I was invited recently to present parliamentary evidence to the House of Commons Science and Technology Select Committee on the subject of Research Integrity. For those not familiar with the arcane workings of the British Parliamentary system, a Select Committee is essentially the place where governments, and government bodies, are held to account. So it was refreshing to be invited to a hearing that wasn’t about Brexit.

The interest of the British Parliament in the integrity of scientific research confirms just how far science’s ongoing “reproducibility crisis” has reached. The fact that a large proportion of the published literature cannot be reproduced is clearly problematic, and this call to action from MPs is very welcome.
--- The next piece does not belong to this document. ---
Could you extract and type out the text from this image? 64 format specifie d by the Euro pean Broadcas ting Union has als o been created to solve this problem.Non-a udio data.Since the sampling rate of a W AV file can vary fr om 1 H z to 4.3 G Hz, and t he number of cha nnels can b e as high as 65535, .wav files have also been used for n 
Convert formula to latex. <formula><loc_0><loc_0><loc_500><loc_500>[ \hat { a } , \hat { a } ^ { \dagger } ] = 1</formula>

And why would the government not be interested? At stake is the process of how new knowledge is created, and how reliable that purported knowledge is.

The other issue driving this overview of research practices are the cases of deliberate fraud and wrongdoing that have recently created headlines (e.g., the STAP papers concerning the reprogramming of stem cells). While these cases are clearly dramatic outliers, they nevertheless serve to diminish public confidence in scholarly research and the findings that come out of this enterprise.

As with most inquiries, the question quickly boiled down to: who is to blame? As Bill Grant MP asked me directly, “Where does the responsibility lie?”

My answer was lifted from an article by Ginny Barbour and colleagues in F1000Research this November (https://0-doi-org.libus.csd.mu.edu/10.12688/f1000research.13060.1): publishers are responsible for the integrity of the published literature, while institutions and employers are ultimately responsible for the conduct of their staff. Misconduct entails intent, usually to deceive the reader into believing a conclusion that the researcher wishes them to believe. But journal editors can never know, and are not in a position to investigate, whether a researcher has deliberately falsified their data.

However, there are things that publishers can do to ensure high standards of integrity. Much of this involves making a study’s authors publish as much information about what they have done as possible - the more the reader can see of how data were generated, the more that reader can trust the findings communicated in the published article.

Article metadata directly supports this function. It provides structure and transparency to information pertaining to ethics and integrity. And because metadata is independent of the main article, it can be readable even if the article itself is locked behind a paywall.

Crossref already provides metadata that can demonstrate the integrity of published articles. The metadata collected on 91+ million scholarly works across publishers and disciplines is open and freely accessible to all. Bibliographic information, for example, allows readers to see who the authors of the article are, where they are from, and what else they have published. Similarly, funding data allows readers to identify potential conflicts of interest, for example if the funder has commercial or political affiliations. Even if the reader cannot see the conflict of interest statement (or if the journal has not provided one), they can use the funding statement to surface potential conflicts.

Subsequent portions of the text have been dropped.